How to show $2^{k+2}$ divides $3^{2^k}-1$ but $2^{k+3}$ doesn't?

Question

I've got a task: Find highest power of 2 that divides $3^{2^k}-1$ so i wrote few terms and guessed that it's $2^{k+2}$, now i should show it. I tried by induction, but what i got appeals to me as a total nonsense, but i'm new to modular arithmetic, so i might be wrong!

I tried by induction, but i really failed here and turned out i showed that $$3^{2^{2k+1}} \equiv 1 (mod \ 2^{k+2})$$, so that isn't helpful.

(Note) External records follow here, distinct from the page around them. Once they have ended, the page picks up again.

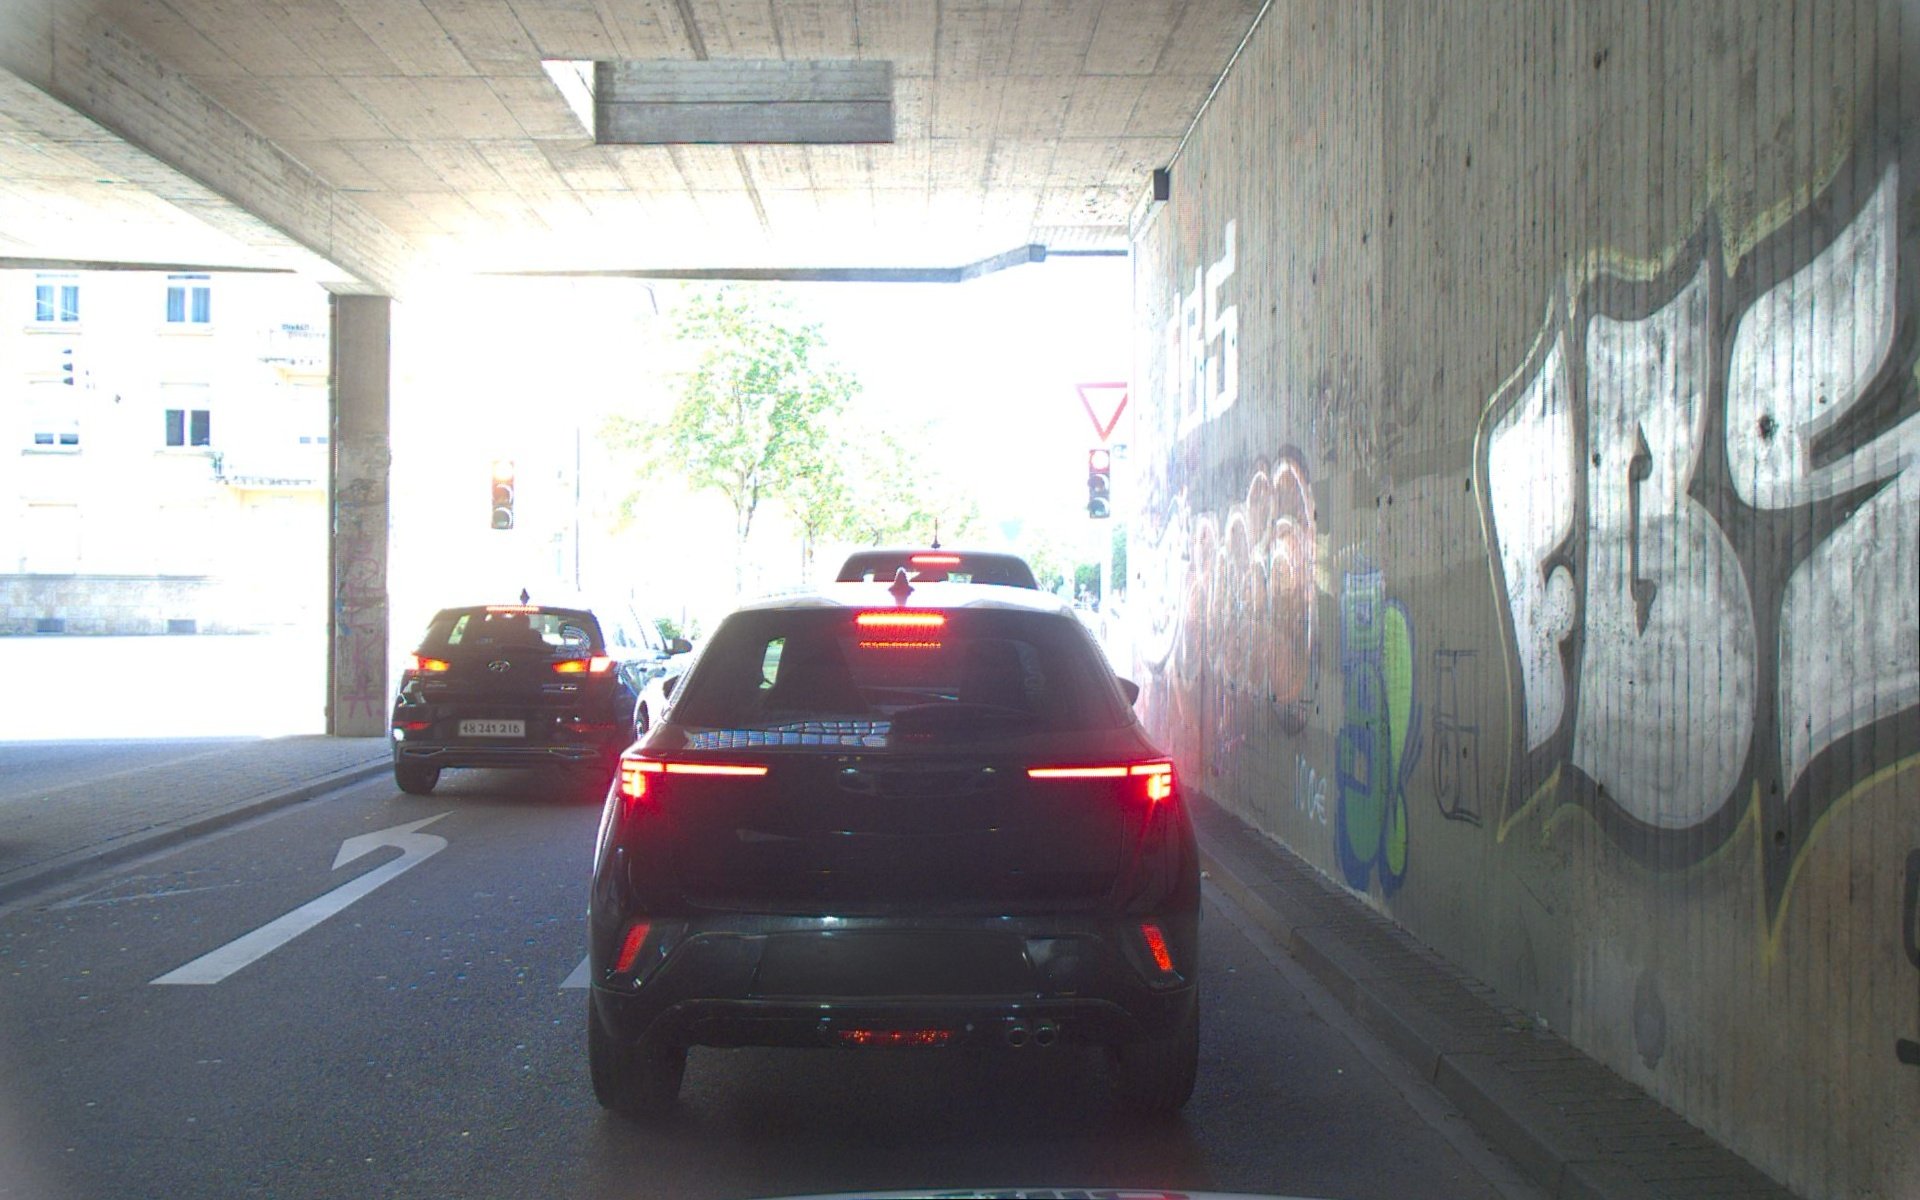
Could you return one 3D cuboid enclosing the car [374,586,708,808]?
[{"bbox_3d":[-3.150,0.655,13.203,1.726,1.506,3.843,0,0,-1],"label":"car"}]

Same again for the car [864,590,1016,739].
[{"bbox_3d":[-0.239,0.667,19.219,1.576,1.539,4.053,0,0,-1],"label":"car"}]

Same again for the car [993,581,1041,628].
[{"bbox_3d":[2.179,0.181,62.199,1.717,1.696,3.946,1,0,3],"label":"car"}]

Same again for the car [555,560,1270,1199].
[{"bbox_3d":[-0.139,0.682,6.060,1.726,1.558,4.088,0,0,-1],"label":"car"}]

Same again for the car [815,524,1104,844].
[{"bbox_3d":[-0.033,0.500,12.005,1.726,1.915,4.145,0,0,-1],"label":"car"}]

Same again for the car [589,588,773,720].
[{"bbox_3d":[-3.420,0.617,20.923,1.726,1.506,3.843,0,0,-1],"label":"car"}]

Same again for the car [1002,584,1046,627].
[{"bbox_3d":[2.668,0.216,68.325,1.717,1.696,3.946,1,0,3],"label":"car"}]

I tried to work with eulers theorem and i got $$3^{\varphi(2^{k+2})} \equiv 1 (mod \ 2^{k+2}) \Leftrightarrow 3^{2^{k+1}} \equiv 1 (mod \ 2^{k+2})$$ but i wanted to show $$3^{2^k} \equiv 1 (mod \ 2^{k+2})$$

I'd really love to get some hints! Cheers

Answer 1

(This is not much more than a reformulation of Nishant's comment). Let $v_2(n)$ denote the highest power of $2$ dividing $n$, so $2^{v(n)}\mid n$ and $2^{v(n)+1}\not\mid n$. Then

• If $m$ is even, we have $v_2(3^m-1)=v_2((3^{m/2}-1)(3^{m/2}+1))=v_2(3^{m/2}-1)+v_2(3^{m/2}+1)$
• If $m$ is even, we have $v_2(3^m+1)=1$ because $3^m\equiv 1\pmod 4$
• If $m$ is odd, then $v(3^m-1)=1$ because $3^m\equiv -1\pmod 4$
• $v(3^1+1)=2$ (we do not need an explicit result for the general case $v(3^m+1)$ with $m$ odd

With this, you can show your conjecture $$v(3^{2^k}-1)=k+2$$ by induction for $k\ge1$. (Warning: For $k=0$, we have $v(3^{2^k}-1)=k+1$).